Another way to do this is using queue.js which I would recommend if the nesting becomes too crazy. For just 2 small files it’s a matter of personal preferences.

It’s difficult to write anything inside the code of vis.draw in a template, because this will have to be overwritten for every project. But here is the general idea though.
vis.draw can be called initially to, well, draw the visualization a first time when nothing exists but an empty svg element. But it can also be called further down the road, if the user presses a button that changes how it should be displayed, etc.
So, if the external context doesn’t change, running vis.draw once more should do nothing. As such, I avoid using constructs like “svg.append(“rect”) ” and instead use “svg.selectAll(“rect”).data(vis.data).enter().append(“rect”)” systematically.
The difference between the two is that using append without enter will add elements unconditionally. Using it after enter would only add new elements if there are new data items.
But what if I need to draw just one element? well, instead of writing “svg.append(“rect”)”, I would write something like “svg.selectAll(“rect.main”).data([{}]).enter().append(“rect”).classed(“main”, 1)”.
Let me explain what’s happening there.
What I want is the function to create one single rectangle if it doesn’t exist already. To differentiate that rectangle from any other possible rectangles I am going to give it a class: “main”. Why a class and not an id if it is unique to my visualization? Well, I may want to have several of these visualizations in my page and ids should really be unique. So I never use ids in selections, to the exception of specifying the div where the svg element will sit.
If there is already one rect element with the class “main”, svg.selectAll(“rect.main”).data([{}]).enter() will return an empty selection and so nothing will happen. No new rect element will be appended. This is great because we can run this as often as we want and what’s supposed not to change will not change.
However, if there is no such rect element, since there is one item in the array that I pass via data, svg.selectAll(“rect.main”).data([{}]).enter().append(“rect”) will create one single rect element. The classed(“main”, 1) at the end will give it the “main” class, so that running that statement again will not create new rectangles. Using [{}] as default, one-item array is a convention, but it’s better than using, say [0] or [""] because when manipulating our newly-created element, we can add properties to the data element (i.e. d3.selectAll(“rect.main”).attr(“width”, function(d) {d.width = 100; return d.width;}) ) which you couldn’t do if the data elements were not objects. (try this for yourself).

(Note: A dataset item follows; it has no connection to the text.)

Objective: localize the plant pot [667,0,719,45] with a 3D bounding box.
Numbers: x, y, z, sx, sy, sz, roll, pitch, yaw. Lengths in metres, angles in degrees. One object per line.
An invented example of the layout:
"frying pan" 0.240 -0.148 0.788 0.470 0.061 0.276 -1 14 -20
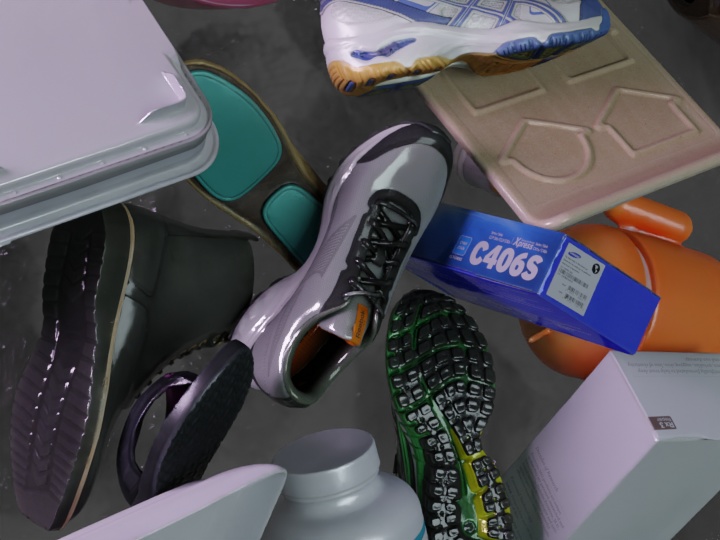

That being said, the general outline of the vis.draw function is so:

  • remove all elements that need to be deleted,
  • create all elements that need to be added, including a bunch of one-off elements that will only be created once (ie legend, gridlines…)
  • select all remaining elements and update them (using transitions as needed).

One last thing: how to call vis.init() in the first place? Well, the call would have to happen in the HTML file.

<script>
var params = {data: "data.csv", width:1400,height:800};
var query = window.location.search.substring(1);

var vars = query.split("&");
vars.forEach(function(v) {
	var p = v.split("=");
	params[p[0]] = p[1]
})
vis.init(params);
</script>

What’s going on there?
First, I initiate the params variable with some values I want to pass in most cases.
Then, the next line is going to look at the url of the page, and more specifically at the search part, that is, whatever happens after the ?. (I use .substring(1) as to not include the “?”).
The idea is that when I would like to pass parameters via the browser, like so: …/vis.html?mode=1&height=500&data=”anotherfile.csv”
The two splits (first by &, then by =) allow to get the parameters passed by url, and add them to params, possibly overriding the existing ones.
Then we pass the resulting params variable to vis.init.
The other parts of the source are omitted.